[[ Supplied data open ]]
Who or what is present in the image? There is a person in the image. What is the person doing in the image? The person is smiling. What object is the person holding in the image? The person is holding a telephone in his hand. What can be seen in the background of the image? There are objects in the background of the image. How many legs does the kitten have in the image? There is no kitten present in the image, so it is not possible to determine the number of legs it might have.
[[ Supplied data closed ]]
[[ Supplied data open ]]
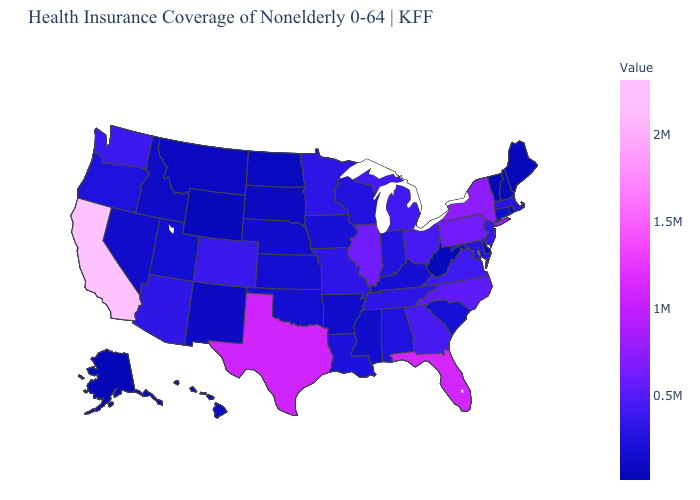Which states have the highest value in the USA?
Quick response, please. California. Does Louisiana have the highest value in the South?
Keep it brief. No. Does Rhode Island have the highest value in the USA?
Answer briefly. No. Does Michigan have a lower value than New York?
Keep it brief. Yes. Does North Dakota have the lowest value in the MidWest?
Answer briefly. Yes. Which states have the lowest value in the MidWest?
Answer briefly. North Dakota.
[[ Supplied data closed ]]
■ Exercise aim
Please reproduce the lines from the line with "Answer briefly. Yes." to the line with "Answer briefly. North Dakota.", both ends included, exactly as they appear above.

■ Exercise response
Answer briefly. Yes. Which states have the lowest value in the MidWest?
Answer briefly. North Dakota.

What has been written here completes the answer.